Task material:
▽

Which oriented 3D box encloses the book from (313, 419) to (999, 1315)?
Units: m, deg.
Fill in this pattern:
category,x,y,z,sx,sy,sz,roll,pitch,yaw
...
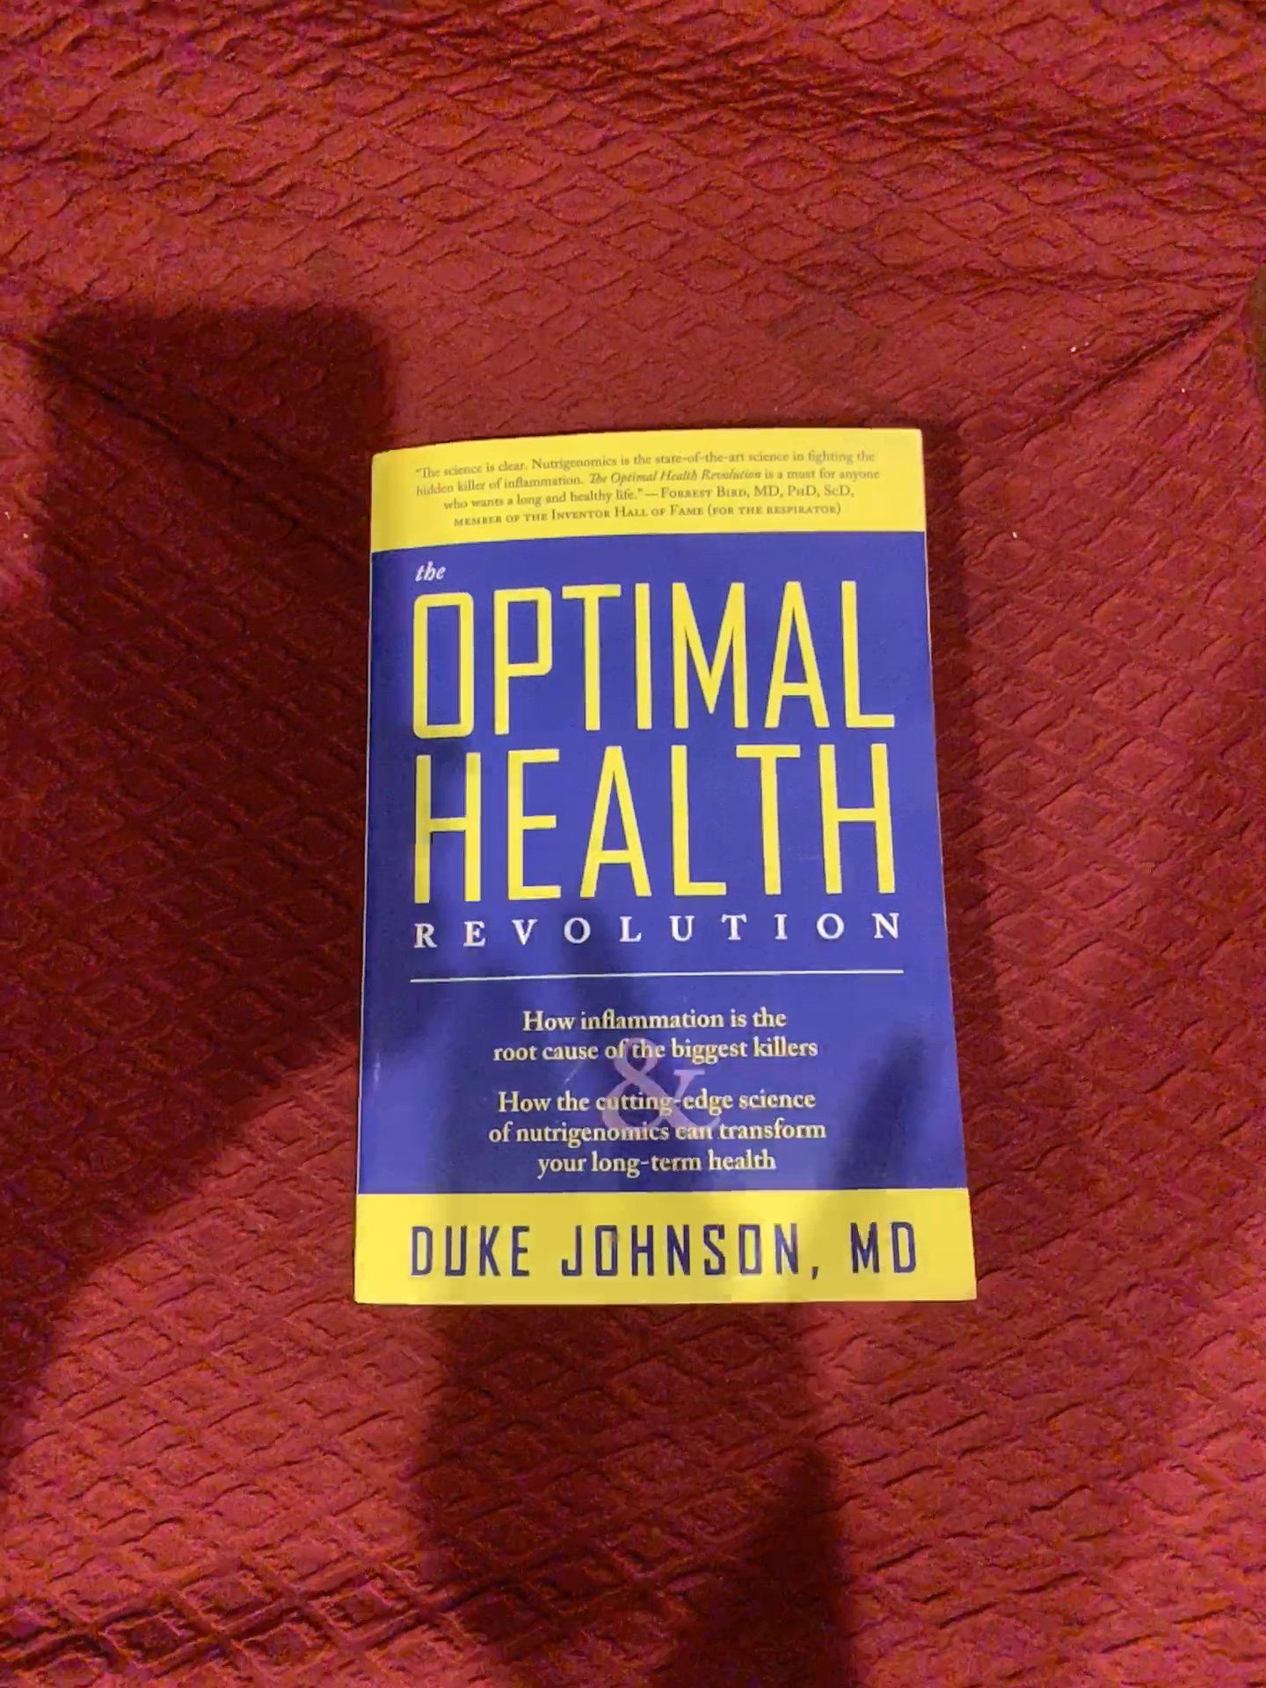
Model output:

△

The problem: Copy the entries precisely, images excluded.

Exercise solution:
Which oriented 3D box encloses the book from (313, 419) to (999, 1315)?
Units: m, deg.
Fill in this pattern:
category,x,y,z,sx,sy,sz,roll,pitch,yaw
...
Model output:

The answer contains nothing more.